5. The coal mine gas unidirectional flow concentration self-adaptive oxidation device according to claim 1, wherein the device is characterized in that: temperature sensors III (216) and IV (226) are respectively arranged in the air inlet homogenizing chamber (211) and the air outlet homogenizing chamber (221), and the tail ends of the temperature sensors III (216) and IV (226) are respectively positioned in the middle of the air inlet homogenizing chamber (211) and the air outlet homogenizing chamber (221).

6. The coal mine gas unidirectional flow concentration self-adaptive oxidation device according to claim 1, wherein the device is characterized in that: an air inlet flow homogenizing device (217) is arranged between the air inlet flow homogenizing chamber (211) and the porous heat accumulator I (213), and an air outlet flow homogenizing device (227) is arranged between the air outlet flow homogenizing chamber (221) and the porous heat accumulator II (223).

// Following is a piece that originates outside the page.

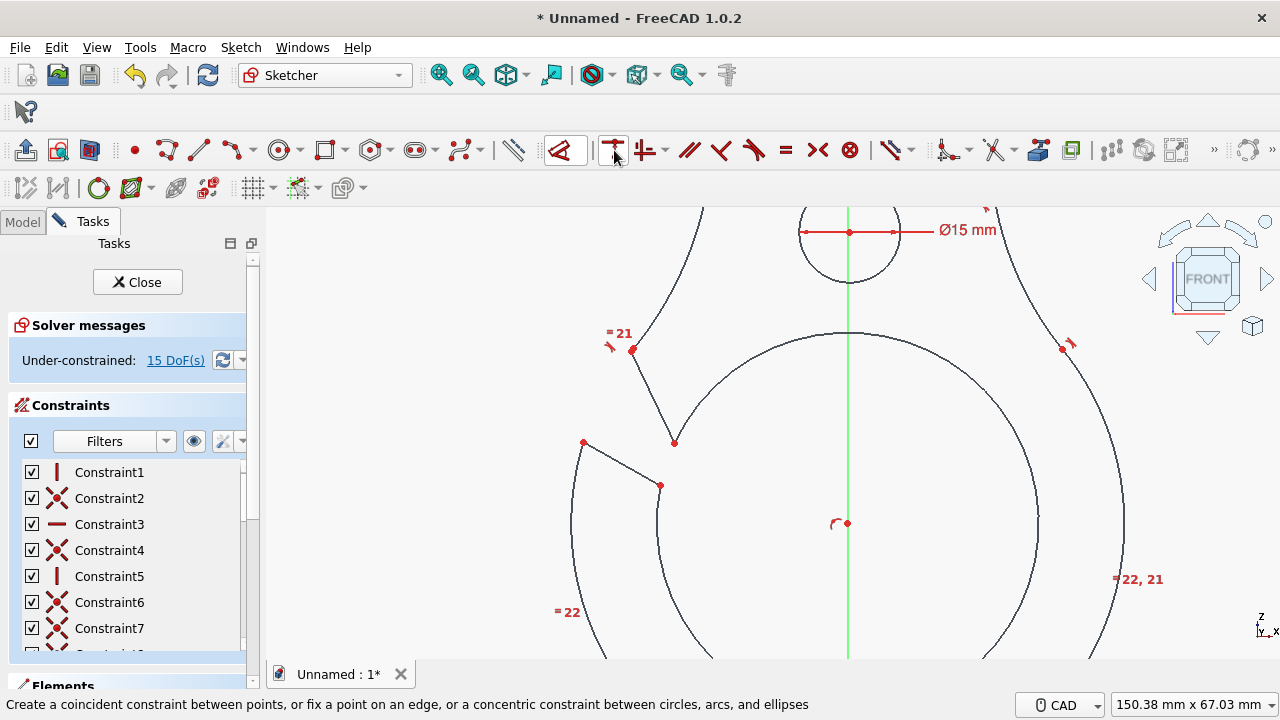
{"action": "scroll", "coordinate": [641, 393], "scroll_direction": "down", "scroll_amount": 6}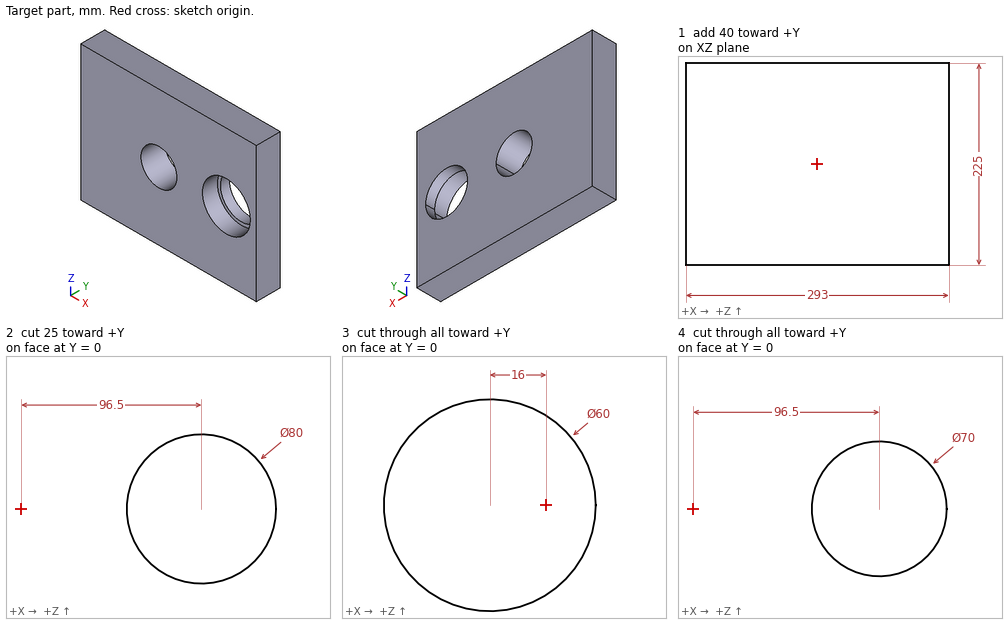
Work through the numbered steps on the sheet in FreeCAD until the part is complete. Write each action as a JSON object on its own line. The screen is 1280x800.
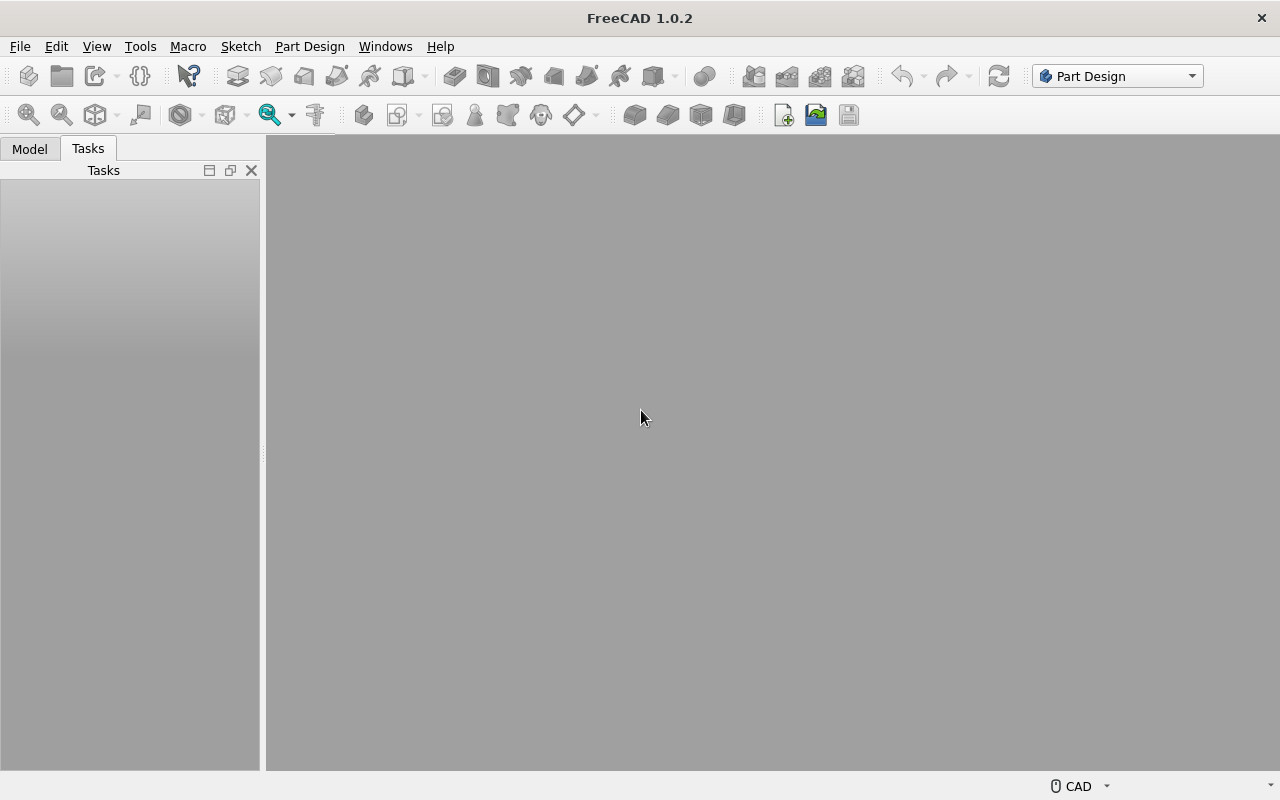
{"action": "left_click", "coordinate": [783, 116]}

7. The coal mine gas unidirectional flow concentration self-adaptive oxidation device according to claim 1, wherein the device is characterized in that: a temperature sensor V (233) and a temperature sensor VI (234) are respectively arranged on two sides of the starting combustor (231) above the starting combustor (230).

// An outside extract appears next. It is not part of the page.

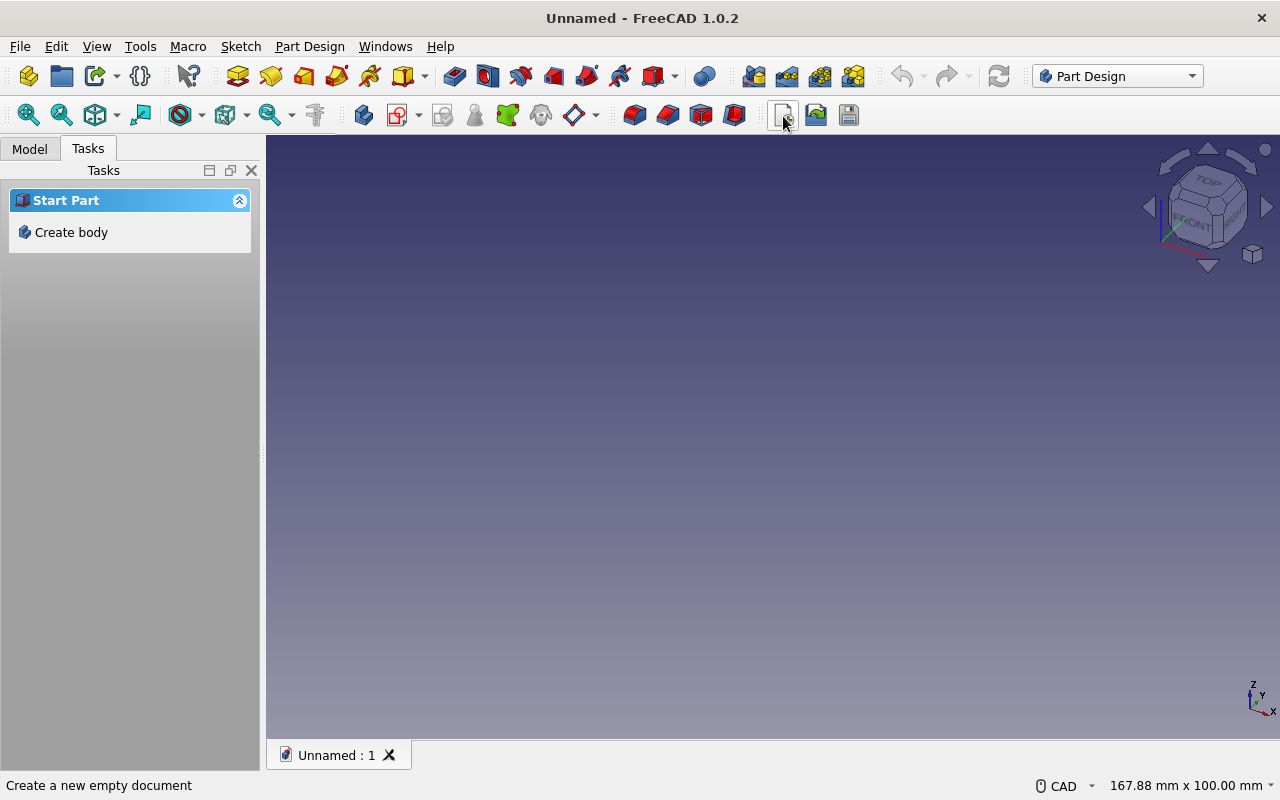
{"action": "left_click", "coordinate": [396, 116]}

8. The coal mine gas unidirectional flow concentration self-adaptive oxidation device according to claim 1, wherein the device is characterized in that: a plurality of high temperature heat pipes III (245) are also arranged in the gas-gas heat exchanger (244) at intervals.

9. The coal mine gas unidirectional flow concentration self-adaptive oxidation device according to claim 1, wherein the device is characterized in that: the downstream heat accumulating oxidation bed (210), the starting combustion chamber (230) and the countercurrent heat accumulating oxidation bed (220) are jointly arranged in a shell (260) with a heat insulating layer (261); a thickened heat-insulating layer (262) is also arranged between the downstream heat-accumulating oxidation bed (210) and the countercurrent heat-accumulating oxidation bed (220).

10. The coal mine gas unidirectional flow concentration self-adaptive oxidation device according to claim 1, wherein the device is characterized in that: the high-temperature medium outlet (270) of the internal heat collector (232) is sequentially provided with a heat collector outlet pressure sensor (271), a heat collector outlet flow sensor (272) and a heat collector outlet stop valve (273), and the low-temperature medium inlet (280) is sequentially provided with a heat collector inlet pressure sensor (281), a heat collector inlet flow sensor (282) and a heat collector inlet stop valve (283).